Yukarıda gördüğünüz gibi benim aldığım renk Diffused Light. Çok açık sarı olarak geçiyor, beyaza yakın. Amaç, ciltteki renk tonlarını eşitleyen bir şekilde ışığı yansıtmak. Bu renge özel olmayan, serinin tüm renkleri için temel olan amaç da "cildin içten içe kendisi ışıldıyormuş gibi" göstermek. (glowing within effect)
Ben, herhangi bir pudranın yüzümü koyulaştırmasına ya da turunculaştırmasına asla katlanamadığım için şeftali tonlu olan Dim Light'ı direkt olarak eledim. Kirli pembemsi bej olanla(Mood Light) bunun arasında kalmıştım ve sonunda kararımı bundan yana kullandım.
Paketlemesi, rose goldla bronz karışımı rengi, amblemi, her şeyi zaten lüksü ve high-end'i belli ediyor ama tabi ki önemli olan içindekinin nasıl olduğu.
İçinde photoluminescent özelliği olan, ışığı yansıtmayı yönetebilmeyi sağlayan mikro ışıltılar var. Gözle pek görülmüyor; dibine girerseniz ve çok ışıklı bir ortamdaysanız paketinde görebilirsiniz belki. Yani bakıldığında tüm yüze sürmelik normal bir pudra gibi.
Parmağıma ilk sürdüğümde biraz şaşırdım çünkü gerçekten sıradan bir pudra gibiydi. Tabi ki parmaktaki görüntünün hiç bir anlam ifade etmediğini bildiğimden, makyajımda olması gerektiği gibi kullandım. Etkisi görebilmek için Nars fondötenimi değil de çok az kapatıcılıklı BB kremimi kullandım. Sonrasında Real Techniques Powder Brush'la yüzüme sürmeye başladım ve...... işte o an tüm bu ses getirmenin, ünün, fiyatın sebebini anladım. Abarttığımı sanıyorsanız çok yanılıyorsunuz. Yüzümde ışığı yansıtmasını istediğim yerler yansıtıyor ve biraz kırmızılık/renk uyuşmazlığı olan yerler de blurlaştırılıyor. Ve bu benim uygulama tekniğimle hiç alakası olmayan bir durum. Olay burada zaten; siz dümdüz sürdüğünüzde pudra nereyi nasıl aydınlatması gerektiğini algılıyor. Ben "Oha gerçek hayat photoshop'u gibi bu!" dedikten sonra insanların bu pudrayı aynı bu şekilde, real-life Photoshop diye tanımladığını hatırladım ve herkesin ilk tepkisinin gerçekliğinden emin oldum. Gerçekten öyle.
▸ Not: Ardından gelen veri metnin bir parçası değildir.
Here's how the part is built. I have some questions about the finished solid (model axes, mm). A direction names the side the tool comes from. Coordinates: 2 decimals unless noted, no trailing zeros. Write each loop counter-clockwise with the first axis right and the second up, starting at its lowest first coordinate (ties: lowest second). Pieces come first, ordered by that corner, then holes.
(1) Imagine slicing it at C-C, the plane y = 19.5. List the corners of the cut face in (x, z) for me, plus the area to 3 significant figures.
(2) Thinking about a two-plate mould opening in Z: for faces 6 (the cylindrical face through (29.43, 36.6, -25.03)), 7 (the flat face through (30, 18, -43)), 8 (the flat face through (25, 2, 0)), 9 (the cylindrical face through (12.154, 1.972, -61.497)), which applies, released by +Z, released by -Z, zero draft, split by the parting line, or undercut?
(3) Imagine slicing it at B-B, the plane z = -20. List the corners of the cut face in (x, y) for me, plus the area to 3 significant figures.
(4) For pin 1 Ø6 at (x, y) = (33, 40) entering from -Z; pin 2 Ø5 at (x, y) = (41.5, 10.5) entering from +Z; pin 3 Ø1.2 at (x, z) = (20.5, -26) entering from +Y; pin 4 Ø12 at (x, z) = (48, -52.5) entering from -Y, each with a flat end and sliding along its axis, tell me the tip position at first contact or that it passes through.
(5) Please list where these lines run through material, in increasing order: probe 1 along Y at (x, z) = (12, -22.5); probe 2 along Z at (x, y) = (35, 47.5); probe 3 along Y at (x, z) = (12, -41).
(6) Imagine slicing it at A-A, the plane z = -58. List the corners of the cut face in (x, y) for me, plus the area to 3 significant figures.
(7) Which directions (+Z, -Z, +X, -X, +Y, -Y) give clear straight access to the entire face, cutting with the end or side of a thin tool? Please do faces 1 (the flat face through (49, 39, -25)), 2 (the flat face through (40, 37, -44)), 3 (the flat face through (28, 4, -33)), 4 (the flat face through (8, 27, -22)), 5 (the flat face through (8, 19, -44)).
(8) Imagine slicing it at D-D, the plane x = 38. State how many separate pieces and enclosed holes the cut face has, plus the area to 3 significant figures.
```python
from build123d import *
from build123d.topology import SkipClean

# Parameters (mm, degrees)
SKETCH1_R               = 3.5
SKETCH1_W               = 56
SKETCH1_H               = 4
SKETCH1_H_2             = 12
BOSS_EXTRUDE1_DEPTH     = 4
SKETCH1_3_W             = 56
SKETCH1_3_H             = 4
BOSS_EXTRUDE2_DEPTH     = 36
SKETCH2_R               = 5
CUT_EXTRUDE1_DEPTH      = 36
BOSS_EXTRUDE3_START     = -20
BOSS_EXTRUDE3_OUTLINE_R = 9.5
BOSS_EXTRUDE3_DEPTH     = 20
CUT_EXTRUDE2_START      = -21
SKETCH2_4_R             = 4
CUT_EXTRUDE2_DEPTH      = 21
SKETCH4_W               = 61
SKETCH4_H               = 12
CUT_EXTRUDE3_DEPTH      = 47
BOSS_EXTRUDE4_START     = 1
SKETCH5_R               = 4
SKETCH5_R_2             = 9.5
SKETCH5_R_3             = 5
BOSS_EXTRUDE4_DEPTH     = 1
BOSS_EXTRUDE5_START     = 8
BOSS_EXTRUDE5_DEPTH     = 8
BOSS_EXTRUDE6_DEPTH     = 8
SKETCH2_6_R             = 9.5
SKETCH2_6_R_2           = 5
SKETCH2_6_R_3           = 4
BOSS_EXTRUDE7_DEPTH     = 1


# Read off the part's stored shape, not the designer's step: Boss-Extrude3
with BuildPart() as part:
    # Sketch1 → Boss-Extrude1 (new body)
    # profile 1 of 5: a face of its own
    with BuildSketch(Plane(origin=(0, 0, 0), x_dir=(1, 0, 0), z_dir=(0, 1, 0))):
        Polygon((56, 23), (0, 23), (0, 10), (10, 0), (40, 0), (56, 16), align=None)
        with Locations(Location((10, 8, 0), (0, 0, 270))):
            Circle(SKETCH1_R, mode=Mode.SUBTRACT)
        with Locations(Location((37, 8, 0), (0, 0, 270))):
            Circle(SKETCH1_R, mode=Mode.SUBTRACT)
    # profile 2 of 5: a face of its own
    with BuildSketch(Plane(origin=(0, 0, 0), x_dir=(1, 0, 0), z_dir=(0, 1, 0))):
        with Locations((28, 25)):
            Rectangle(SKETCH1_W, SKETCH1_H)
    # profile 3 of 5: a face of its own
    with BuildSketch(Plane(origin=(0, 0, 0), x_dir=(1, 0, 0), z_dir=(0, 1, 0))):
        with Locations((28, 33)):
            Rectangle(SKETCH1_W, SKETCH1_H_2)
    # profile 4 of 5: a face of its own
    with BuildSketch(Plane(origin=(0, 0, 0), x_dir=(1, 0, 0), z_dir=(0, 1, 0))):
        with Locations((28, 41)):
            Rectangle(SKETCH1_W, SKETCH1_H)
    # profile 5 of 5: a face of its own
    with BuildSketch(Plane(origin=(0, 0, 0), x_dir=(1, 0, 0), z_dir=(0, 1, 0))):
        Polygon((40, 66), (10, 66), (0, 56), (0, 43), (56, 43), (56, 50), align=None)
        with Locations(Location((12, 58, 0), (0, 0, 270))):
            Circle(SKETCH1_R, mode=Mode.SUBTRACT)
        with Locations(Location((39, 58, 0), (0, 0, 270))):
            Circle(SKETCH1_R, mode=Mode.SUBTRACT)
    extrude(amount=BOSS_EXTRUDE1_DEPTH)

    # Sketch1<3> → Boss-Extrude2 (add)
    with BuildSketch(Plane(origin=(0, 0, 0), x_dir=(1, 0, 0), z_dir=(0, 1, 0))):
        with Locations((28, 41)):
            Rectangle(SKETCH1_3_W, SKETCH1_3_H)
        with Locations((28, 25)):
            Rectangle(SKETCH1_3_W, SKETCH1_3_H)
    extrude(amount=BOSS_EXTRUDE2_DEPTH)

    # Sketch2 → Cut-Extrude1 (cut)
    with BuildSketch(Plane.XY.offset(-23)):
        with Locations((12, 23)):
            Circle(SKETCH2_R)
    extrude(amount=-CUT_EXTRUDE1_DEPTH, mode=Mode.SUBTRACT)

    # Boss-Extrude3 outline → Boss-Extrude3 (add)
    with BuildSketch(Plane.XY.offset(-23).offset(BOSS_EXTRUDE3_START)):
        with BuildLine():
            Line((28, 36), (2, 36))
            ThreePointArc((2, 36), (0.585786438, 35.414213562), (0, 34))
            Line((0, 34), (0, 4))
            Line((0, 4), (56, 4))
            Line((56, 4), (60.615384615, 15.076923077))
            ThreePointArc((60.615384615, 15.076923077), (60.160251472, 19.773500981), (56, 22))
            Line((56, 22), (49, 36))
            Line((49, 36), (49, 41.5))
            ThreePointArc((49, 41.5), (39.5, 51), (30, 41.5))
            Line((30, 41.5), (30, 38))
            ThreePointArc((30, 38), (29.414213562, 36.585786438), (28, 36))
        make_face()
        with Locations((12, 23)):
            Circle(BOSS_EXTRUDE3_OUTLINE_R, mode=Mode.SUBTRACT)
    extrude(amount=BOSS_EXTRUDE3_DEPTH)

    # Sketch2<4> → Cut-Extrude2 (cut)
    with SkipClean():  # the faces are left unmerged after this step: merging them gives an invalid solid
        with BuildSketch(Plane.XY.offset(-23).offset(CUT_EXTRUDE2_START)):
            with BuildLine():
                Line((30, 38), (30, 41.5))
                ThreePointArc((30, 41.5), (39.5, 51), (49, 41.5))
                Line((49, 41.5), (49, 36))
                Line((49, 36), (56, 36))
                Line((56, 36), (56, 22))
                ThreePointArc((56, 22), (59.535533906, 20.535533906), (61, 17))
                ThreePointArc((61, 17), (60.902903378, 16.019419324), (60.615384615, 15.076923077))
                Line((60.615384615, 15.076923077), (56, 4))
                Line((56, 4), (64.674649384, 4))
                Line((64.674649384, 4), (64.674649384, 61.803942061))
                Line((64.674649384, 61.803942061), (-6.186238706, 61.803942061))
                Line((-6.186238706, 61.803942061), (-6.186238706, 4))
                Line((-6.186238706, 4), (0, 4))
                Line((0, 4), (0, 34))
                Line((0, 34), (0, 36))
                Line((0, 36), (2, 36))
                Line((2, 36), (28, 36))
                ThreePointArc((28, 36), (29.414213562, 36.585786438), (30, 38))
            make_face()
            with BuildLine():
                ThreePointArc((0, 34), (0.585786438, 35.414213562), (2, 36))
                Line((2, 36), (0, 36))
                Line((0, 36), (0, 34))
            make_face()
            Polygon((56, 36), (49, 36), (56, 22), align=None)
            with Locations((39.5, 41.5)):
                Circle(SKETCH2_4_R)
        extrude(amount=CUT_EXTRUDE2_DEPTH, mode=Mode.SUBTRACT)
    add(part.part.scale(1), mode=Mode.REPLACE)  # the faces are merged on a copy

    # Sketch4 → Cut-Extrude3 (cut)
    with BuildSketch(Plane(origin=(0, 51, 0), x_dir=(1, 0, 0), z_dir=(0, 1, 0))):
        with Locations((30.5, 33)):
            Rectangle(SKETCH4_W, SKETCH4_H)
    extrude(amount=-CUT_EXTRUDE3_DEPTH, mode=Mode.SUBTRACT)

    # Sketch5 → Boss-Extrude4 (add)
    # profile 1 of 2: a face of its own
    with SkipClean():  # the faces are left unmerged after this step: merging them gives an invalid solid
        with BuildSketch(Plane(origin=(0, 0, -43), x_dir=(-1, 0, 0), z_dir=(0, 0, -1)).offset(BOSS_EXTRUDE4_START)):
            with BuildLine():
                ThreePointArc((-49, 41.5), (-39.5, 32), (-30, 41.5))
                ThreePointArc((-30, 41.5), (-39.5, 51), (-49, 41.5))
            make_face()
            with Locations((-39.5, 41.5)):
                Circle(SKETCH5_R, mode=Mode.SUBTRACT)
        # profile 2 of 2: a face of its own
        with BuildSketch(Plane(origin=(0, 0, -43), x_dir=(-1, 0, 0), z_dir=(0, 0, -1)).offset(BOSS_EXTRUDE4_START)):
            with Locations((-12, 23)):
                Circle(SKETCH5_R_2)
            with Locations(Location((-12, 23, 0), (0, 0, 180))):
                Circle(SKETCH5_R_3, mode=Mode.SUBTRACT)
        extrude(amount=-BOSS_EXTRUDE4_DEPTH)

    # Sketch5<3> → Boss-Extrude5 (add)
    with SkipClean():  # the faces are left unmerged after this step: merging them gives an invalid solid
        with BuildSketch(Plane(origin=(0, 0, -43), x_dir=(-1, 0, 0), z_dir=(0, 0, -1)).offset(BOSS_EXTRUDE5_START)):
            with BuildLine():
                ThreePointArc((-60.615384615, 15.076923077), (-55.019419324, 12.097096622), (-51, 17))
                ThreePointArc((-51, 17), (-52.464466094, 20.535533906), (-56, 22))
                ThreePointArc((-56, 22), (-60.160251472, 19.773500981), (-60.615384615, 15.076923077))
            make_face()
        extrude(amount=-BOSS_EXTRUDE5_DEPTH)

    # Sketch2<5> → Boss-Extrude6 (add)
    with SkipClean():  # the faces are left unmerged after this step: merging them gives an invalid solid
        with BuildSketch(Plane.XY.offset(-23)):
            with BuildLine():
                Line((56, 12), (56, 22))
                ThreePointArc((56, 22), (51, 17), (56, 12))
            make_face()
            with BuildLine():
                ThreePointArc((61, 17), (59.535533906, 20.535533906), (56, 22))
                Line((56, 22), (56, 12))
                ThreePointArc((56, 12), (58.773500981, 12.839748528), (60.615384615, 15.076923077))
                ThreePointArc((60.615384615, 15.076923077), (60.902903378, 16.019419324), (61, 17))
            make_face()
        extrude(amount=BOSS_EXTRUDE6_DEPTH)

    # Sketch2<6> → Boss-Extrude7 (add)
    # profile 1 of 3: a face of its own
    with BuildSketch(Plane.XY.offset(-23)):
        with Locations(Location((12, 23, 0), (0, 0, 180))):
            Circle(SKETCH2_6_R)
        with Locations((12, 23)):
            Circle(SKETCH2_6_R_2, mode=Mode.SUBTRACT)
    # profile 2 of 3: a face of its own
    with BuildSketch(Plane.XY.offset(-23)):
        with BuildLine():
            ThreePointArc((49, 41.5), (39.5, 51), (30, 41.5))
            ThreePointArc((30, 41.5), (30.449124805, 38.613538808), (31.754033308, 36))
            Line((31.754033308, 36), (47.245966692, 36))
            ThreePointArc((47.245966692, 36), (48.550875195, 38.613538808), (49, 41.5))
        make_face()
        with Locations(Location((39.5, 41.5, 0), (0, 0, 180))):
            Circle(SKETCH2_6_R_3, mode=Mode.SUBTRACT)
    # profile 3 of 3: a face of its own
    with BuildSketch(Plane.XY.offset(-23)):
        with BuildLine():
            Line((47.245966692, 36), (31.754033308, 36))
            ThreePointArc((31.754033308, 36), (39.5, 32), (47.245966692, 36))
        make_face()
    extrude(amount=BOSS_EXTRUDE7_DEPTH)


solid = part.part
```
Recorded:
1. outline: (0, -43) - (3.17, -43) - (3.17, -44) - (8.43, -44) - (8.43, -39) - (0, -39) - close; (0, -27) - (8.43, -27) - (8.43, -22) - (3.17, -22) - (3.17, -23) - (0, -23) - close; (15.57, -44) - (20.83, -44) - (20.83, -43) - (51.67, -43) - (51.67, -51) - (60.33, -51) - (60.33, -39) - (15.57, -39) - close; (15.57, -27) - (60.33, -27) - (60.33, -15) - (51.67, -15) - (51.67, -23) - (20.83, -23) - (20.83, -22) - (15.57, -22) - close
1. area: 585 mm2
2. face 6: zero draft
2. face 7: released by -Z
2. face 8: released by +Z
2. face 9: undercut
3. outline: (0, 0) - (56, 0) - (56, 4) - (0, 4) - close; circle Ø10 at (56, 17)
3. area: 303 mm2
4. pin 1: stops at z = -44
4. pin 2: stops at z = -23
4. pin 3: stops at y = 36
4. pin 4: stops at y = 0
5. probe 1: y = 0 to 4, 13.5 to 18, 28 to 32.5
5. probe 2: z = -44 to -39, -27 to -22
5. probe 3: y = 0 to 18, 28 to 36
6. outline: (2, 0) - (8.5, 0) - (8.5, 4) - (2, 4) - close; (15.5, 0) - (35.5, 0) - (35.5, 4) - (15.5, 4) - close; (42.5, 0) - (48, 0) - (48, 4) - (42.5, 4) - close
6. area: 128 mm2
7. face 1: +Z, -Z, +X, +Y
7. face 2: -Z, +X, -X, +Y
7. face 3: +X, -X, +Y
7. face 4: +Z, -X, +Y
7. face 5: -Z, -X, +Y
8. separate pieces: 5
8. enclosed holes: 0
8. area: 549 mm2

Ön kamerayla çekilen fotoğraflar bu şekilde, yani pek de kaliteli değilken bile böyle gözüküyor. Çektikçe çekesim geldi telefon selfie'yle doldu taştı, bu kadar mı muhteşem görünür? Üstteki fotoğraflarda özellikle ne kontur uyguladım ne allık ne de highlighter. Sadece pudrayı kullandım ki kendisinin tek performansını görebileyim. Gerçek hayattaki güzelliğinin yüzde 30'unu falan yansıtabiliyor bu fotoğraflar anca, ama GERÇEKTEN AŞIK OLDUM. Bittiğinde ne pahasına olursa olsun tekrar tekrar alacağım, hatta farklı renklerini ya da ambient blush serisini (allık versiyonu) almayı düşünüyorum bu aralar.